Brow Beat

Come Sunday and the Crisis of Faith

A pastor’s “gospel of inclusion” cost him his church, but his story is familiar to people who’ve felt abandoned by theirs.

Chiwetel Ejiofor in Come Sunday.
Chiwetel Ejiofor in Come Sunday.
Sundance Institute

Come Sunday is an imperfect movie that asks an important question not openly discussed in Christian churches: What happens when a faith leader has a change of heart about important points of doctrine?
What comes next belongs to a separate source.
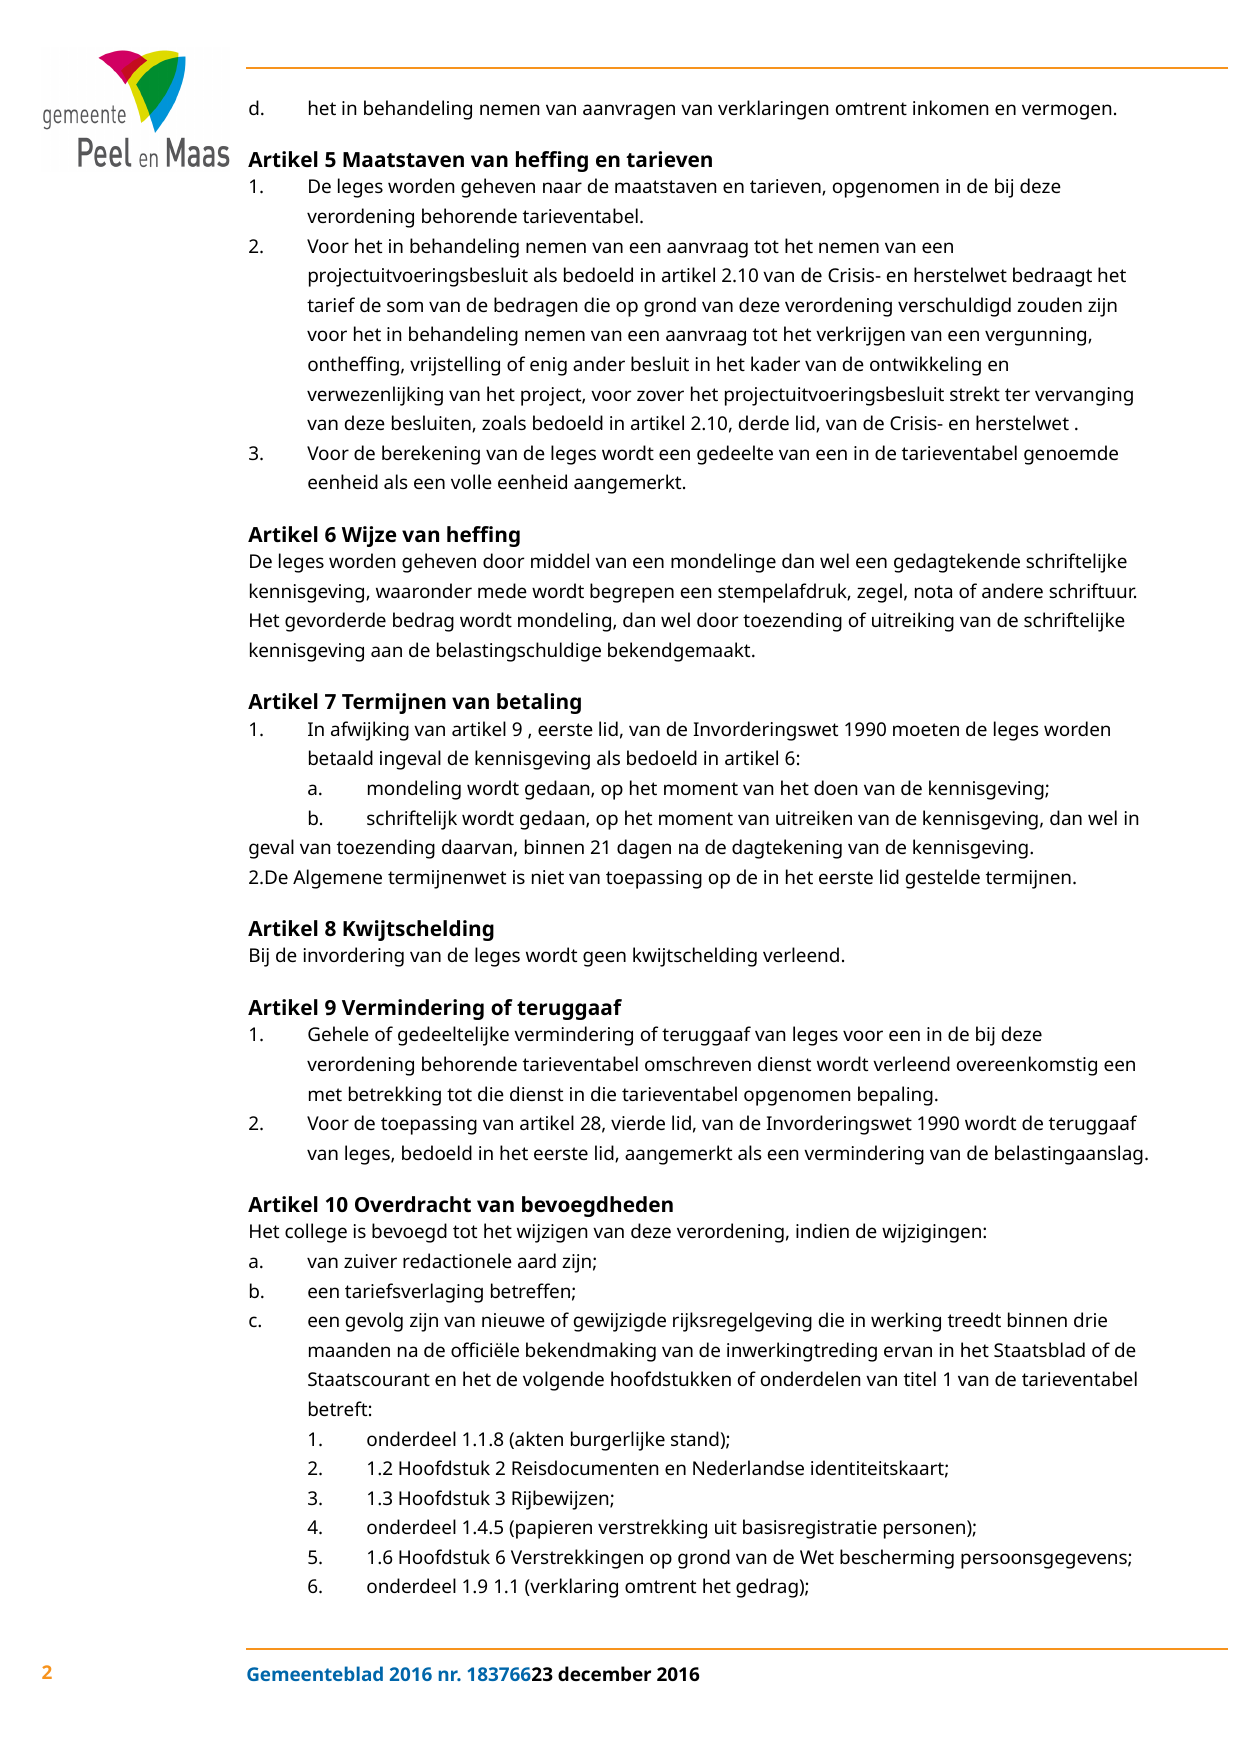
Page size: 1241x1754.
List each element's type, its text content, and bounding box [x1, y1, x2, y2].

Directed by Joshua Marston, the first feature film financed by This American Life is based on the story of Bishop Carlton Pearson, the former senior pastor of Higher Dimensions Evangelistic Center—one of the largest churches in in Tulsa, Oklahoma—and one of the first black televangelists. One night, after learning of the 1994 Rwanda genocide, Bishop Pearson has a divine revelation and feels compelled to preach what he now calls the Gospel of Inclusion, a doctrine that says God’s grace is sufficient to embrace all of humanity, even if they do not make a formal declaration of salvation. Put simply, he tells people that God will let them into heaven whether they believe in him or not.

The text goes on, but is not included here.